Une quinzaine de tendeurs poursuivis devant le tribunal à Verviers

Du matériel servant à la capture des oiseaux a été retrouvé chez eux.
Du matériel servant à la capture des oiseaux a été retrouvé chez eux. - Prétexte B.T.

Le tribunal correctionnel de Verviers a entamé lundi l’examen d’un important dossier de capture et de détention d’oiseaux sauvages, dossier impliquant une quinzaine de prévenus qui doivent également répondre de faux et usage de faux ainsi que de diverses infractions techniques (bagues non-conformes, détention sans autorisation d’élevage et/ou de carnet d’identification), mais également de détention de filets japonais.

En 2014, un Disonais de 58 ans et une de ses connaissances, qui a fait l’objet d’un non-lieu, sont contrôlés à Bullange par l’Unité Anti-braconnage (UAB), laquelle découvre dans le véhicule du quinquagénaire quelques oiseaux en cage qui seront saisis.

Suite à ce contrôle, un PV sera dressé et des devoirs d’enquête supplémentaires, dont de la téléphonie, sollicités. Le dossier sera finalement mis à l’instruction et une série de perquisitions seront menées en région verviétoise et dans le Hainaut en 2016. 22 personnes seront inculpées et cinq ans après le début de l’enquête, 14 doivent répondre de capture illégale d’oiseaux sauvages ainsi que de leur détention. On leur reproche aussi d’avoir falsifié le baguage de leurs oiseaux ainsi que d’avoir élevé ceux-ci sans autorisation ou sans carnet d’identification.

« On n’est pas des criminels, on ne les tue pas »

Devant le tribunal, la plupart nient les faits les plus importants qui leur sont reprochés, expliquant n’avoir jamais falsifié les bagues ni avoir pris part à quelque trafic d’oiseaux finalement, car selon certains éléments révélés par la téléphonie ou par des documents découverts en perquisition, on comprend qu’il y a des achats ou des dons d’oiseaux capturés.

« On est avant tout des passionnés. On n’est pas des criminels, on ne les tue pas », explique cet habitant de Mettet, considéré comme un des éléments centraux du dossier, chez qui quelque 920 oiseaux ont été retrouvés. « Je faisais de l’élevage. Il y a des achats dans des bourses, il y a eu des échanges, certains oiseaux n’étaient pas bagués », admet-il reconnaissant aussi qu’il savait que certains avaient été capturés illégalement.

L’instruction d’audience fera apparaître certaines subtilités techniques permettant de détenir certaines espèces sans bague d’identification. « J’étais en ordre et cela n’a pas empêché l’UAB de saisir mes 138 oiseaux. Aujourd’hui, je fais dans les oiseaux de mutation pour éviter tout problème », explique cet éleveur malmédien.

Des méthodes de cette unité clairement dénoncées par la plupart des prévenus, certains n’hésitant pas à parler de vengeance et de méconnaissance. « On est avant tout amoureux des oiseaux, c’est comme une drogue », témoigne le Disonais contrôlé en 2014 et recontrôlé en 2017. « J’essayais d’en recapturer.

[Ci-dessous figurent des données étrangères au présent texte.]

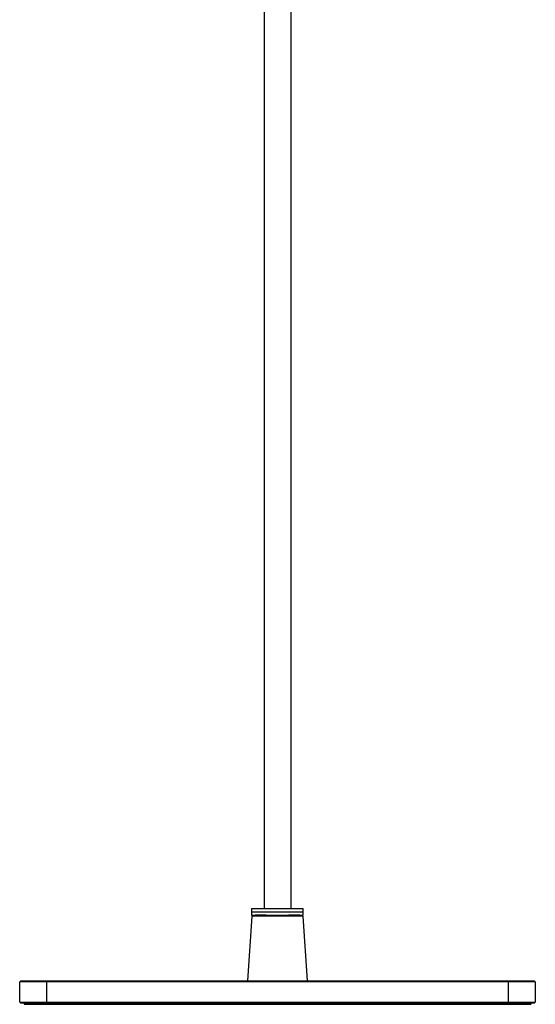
# Model space of a CAD drawing. Header units: millimetres. Extents: x 1012 to 2213, y 714 to 2692.
# Tile 1 of 8: x 1012 to 1243, y 1262 to 1703. Entities that reach past the tile are written whole.
import ezdxf

# ---------------------------------------------------------------- set-up
doc = ezdxf.new("R2010")
doc.units = ezdxf.units.MM
doc.header["$LTSCALE"] = 20

msp = doc.modelspace()

# ---------------------------------------------------------------- linework, layer by layer
at = {"color": 7, "linetype": 'Continuous', "lineweight": 25}
for p, q in [((1121.95, 2091.09), (1121.95, 1304.75)), ((1133.95, 2091.09), (1133.95, 1304.75)), ((1116.25, 1304.75), (1116.25, 1303.25)), ((1116.25, 1304.75), (1139.45, 1304.75)), ((1116.25, 1303.25), (1116.25, 1301.75)), ((1116.25, 1303.25), (1139.45, 1303.25)), ((1116.25, 1303.25), (1127.85, 1303.25)), ((1127.85, 1303.25), (1139.45, 1303.25)), ((1139.45, 1303.25), (1139.45, 1304.75)), ((1139.45, 1301.75), (1139.45, 1303.25)), ((1116.45, 1301.25), (1114.45, 1272.25)), ((1116.25, 1301.75), (1127.85, 1301.75)), ((1139.45, 1301.25), (1116.45, 1301.25)), ((1122.84, 1301.75), (1117.94, 1301.65)), ((1117.94, 1301.65), (1117.95, 1301.25)), ((1117.94, 1301.65), (1137.96, 1301.65)), ((1127.85, 1301.75), (1139.45, 1301.75)), ((1137.96, 1301.65), (1133.06, 1301.75)), ((1137.95, 1301.25), (1137.96, 1301.65)), ((1141.45, 1272.25), (1139.45, 1301.25)), ((1012.95, 1272.25), (1012.45, 1271.75)), ((1024.45, 1271.75), (1012.45, 1271.75)), ((1012.45, 1262.75), (1012.45, 1271.75)), ((1012.95, 1272.25), (1024.45, 1272.25)), ((1024.45, 1272.25), (1231.45, 1272.25)), ((1024.45, 1272.25), (1024.45, 1271.75)), ((1231.45, 1271.75), (1024.45, 1271.75)), ((1024.45, 1271.75), (1024.45, 1262.75)), ((1231.45, 1271.75), (1231.45, 1272.25)), ((1231.45, 1272.25), (1242.95, 1272.25)), ((1243.45, 1271.75), (1231.45, 1271.75)), ((1231.45, 1262.75), (1231.45, 1271.75)), ((1243.45, 1271.75), (1242.95, 1272.25)), ((1243.45, 1271.75), (1243.45, 1262.75)), ((1012.45, 1262.75), (1024.45, 1262.75)), ((1012.45, 1262.75), (1012.95, 1262.25)), ((1024.45, 1262.25), (1012.95, 1262.25)), ((1014.45, 1262.25), (1014.45, 1261.75)), ((1024.45, 1262.75), (1231.45, 1262.75)), ((1024.45, 1262.75), (1024.45, 1262.25)), ((1231.45, 1262.25), (1024.45, 1262.25)), ((1024.95, 1262.25), (1024.95, 1261.75)), ((1230.95, 1262.25), (1230.95, 1261.75)), ((1231.45, 1262.75), (1243.45, 1262.75)), ((1231.45, 1262.75), (1231.45, 1262.25)), ((1242.95, 1262.25), (1231.45, 1262.25)), ((1241.45, 1262.25), (1241.45, 1261.75)), ((1243.45, 1262.75), (1242.95, 1262.25)), ((1014.45, 1261.75), (1024.95, 1261.75)), ((1024.95, 1261.75), (1230.95, 1261.75)), ((1230.95, 1261.75), (1241.45, 1261.75))]:
    msp.add_line(p, q, dxfattribs=at)

doc.saveas('drawing.dxf')

Je suis dans ce milieu où tout le monde se connaît depuis que j’ai 4 ans. »

Pour preuve, le spécialiste verviétois de la tenderie, âgé aujourd’hui de 89 ans, est à nouveau poursuivi pour avoir joué les entremetteurs entre une connaissance et le prévenu originaire de Mettet. « Suite à mes nombreux problèmes, je n’ai plus d’oiseaux chez moi », a-t-il juré.

Les parties civiles et le Parquet s’exprimeront le 16 décembre prochain.